Задание #1
Introduction
In this assignment, your task is to analyze user activity data aggregated over a three-month period (March 2025 to May 2025). This dataset is synthetic and centered around user interactions with a system, specifically focusing on how users interact with different large language models, features and license types. The dataset contains anonymized user-level and activity-level information, including requests and spending.
The goal of this assignment is to extract meaningful insights by exploring the dataset, understanding user behavior, identifying patterns, comparing models and features and proposing recommendations based on findings.
You can use any tool that is most convenient for you to solve this assignment. Please make sure you will be able to share the results with us in the form of a report. If needed, we can provide you with a Datalore license for the sake of this assignment.
Link to the dataset: Google Drive
Dataset Description:
uuid – user id
day_id – day of the user activity (data is daily aggregated)
license – user licence type
model – used LLM type
feature – used functionality type
requests_cnt – number of requests done within the day
spent_amount– amount of units (credits) spent within the day
Deliverables:
Include all code written for the analysis with clearly marked sections.
Annotate your code with comments explaining your logic and approach where you think it is necessary.
Create clear charts to illustrate findings.
Create a report summarizing your key findings, insights, forecasts and recommendations.
Section 1: Data Exploration
Dataset Overview
Provide a descriptive summary of the dataset, including the number of unique users, unique license types, models, features and so on.
Identify the total number of rows per user and describe the general behavior. On average, how many rows are generated per user per day?
License Analysis
Explore the relationship between license type and spending. Which license type have users with higher expenses?
Analyze the average number of requests per license type. Are users with more powerful licenses associated with higher activity?
Usage Trends Over Time
Analyze the number of requests and spending across all users over the 3-month period. Are there visible patterns in activity?

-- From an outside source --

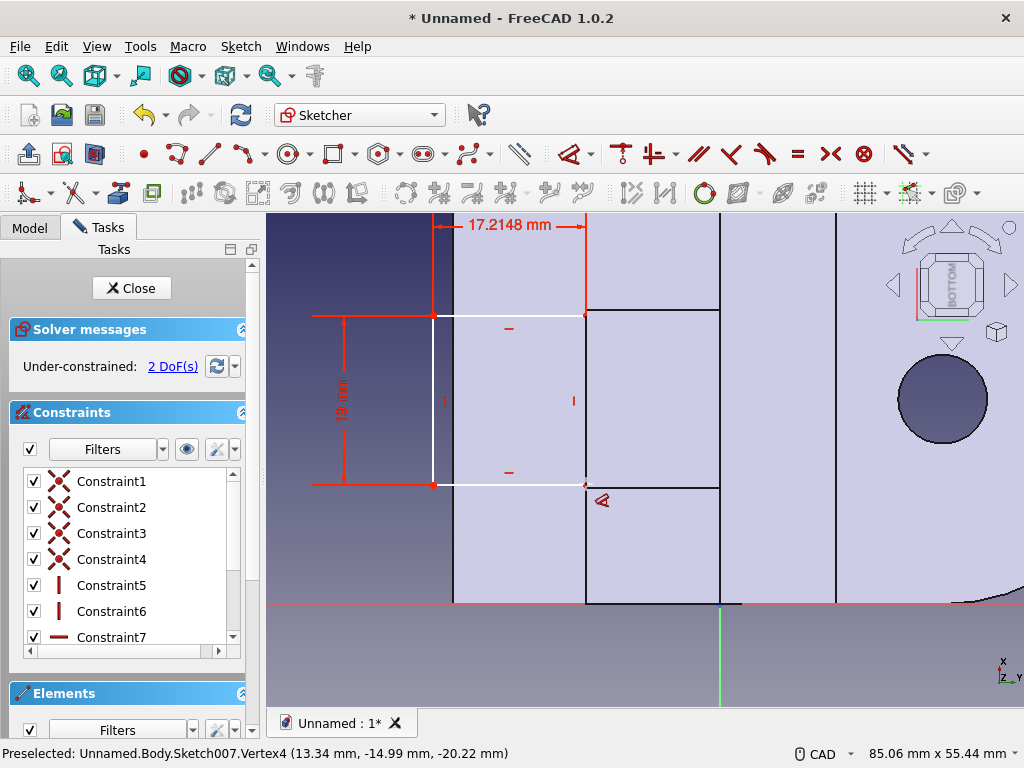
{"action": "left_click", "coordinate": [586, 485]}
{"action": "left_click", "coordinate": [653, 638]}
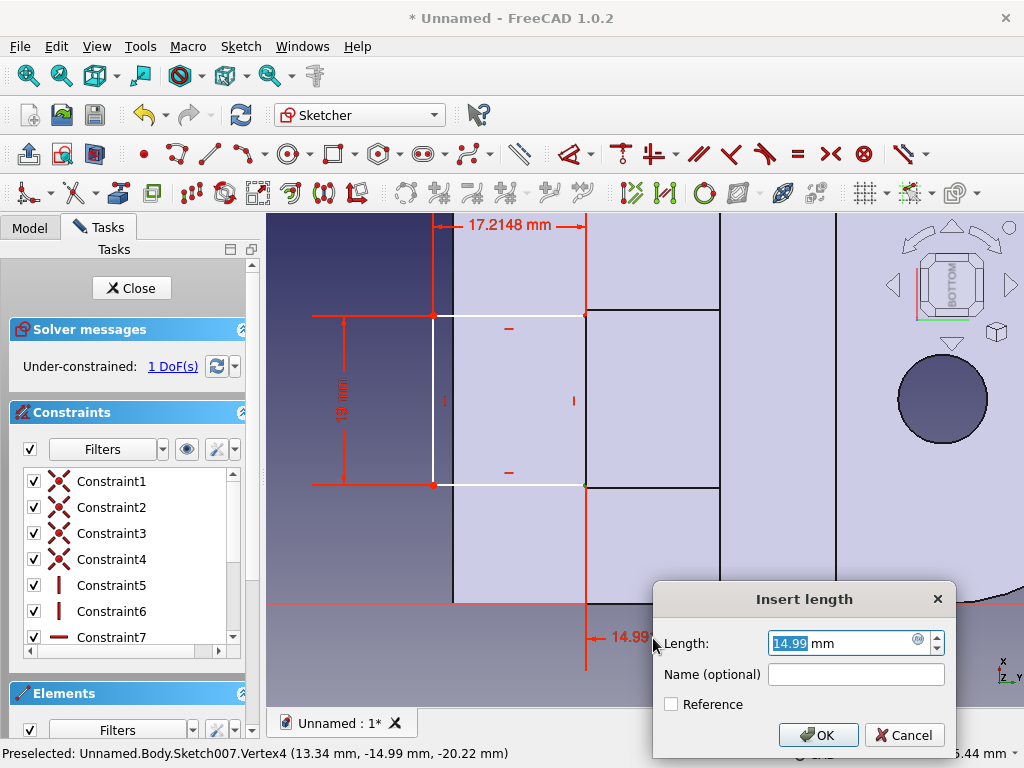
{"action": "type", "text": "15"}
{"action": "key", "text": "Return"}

Identify which days generated the highest and lowest spending. What might explain these trends?
Задание #2
Section 2: Model and Feature Usage
Model Usage Behavior
Compare the number of requests across the 5 models. Which model is the most frequently used? Which model is the least used?
Analyze spending patterns for each model. Are certain models associated with higher spending than others?
Feature Usage Behavior
Conduct a similar analysis of feature usage.
Investigate whether certain features are more commonly used with specific models. Do any combinations stand out as being particularly popular or particularly rare?
Задание #3
Section 3: User Behavior Analysis
User Activity
Identify the most and least active users based on the number of requests, spending and active days.
Analyze the spending patterns of users over time. For example, do certain users spend much more on specific days or exhibit clear patterns of spending?
Assess whether there are any missing or anomalous values in the dataset. If so, describe how you would handle them.
Задание #4
Section 4: Forecasting
User Spendings
Create daily forecasts of the total spendings by model and grand total for all models for the period of next 4 weeks (June 2025).
According to the forecast, propose recommendations regarding the number of credits that should be prepared for the next 4 week period to lower the chance that actual value of credits for June 2025 will surpass the predicted one.
Evaluate the quality of the forecast. Please, make sure that the results of forecasts are interpretable. In this specific case it is more important than the quality of the forecast itself.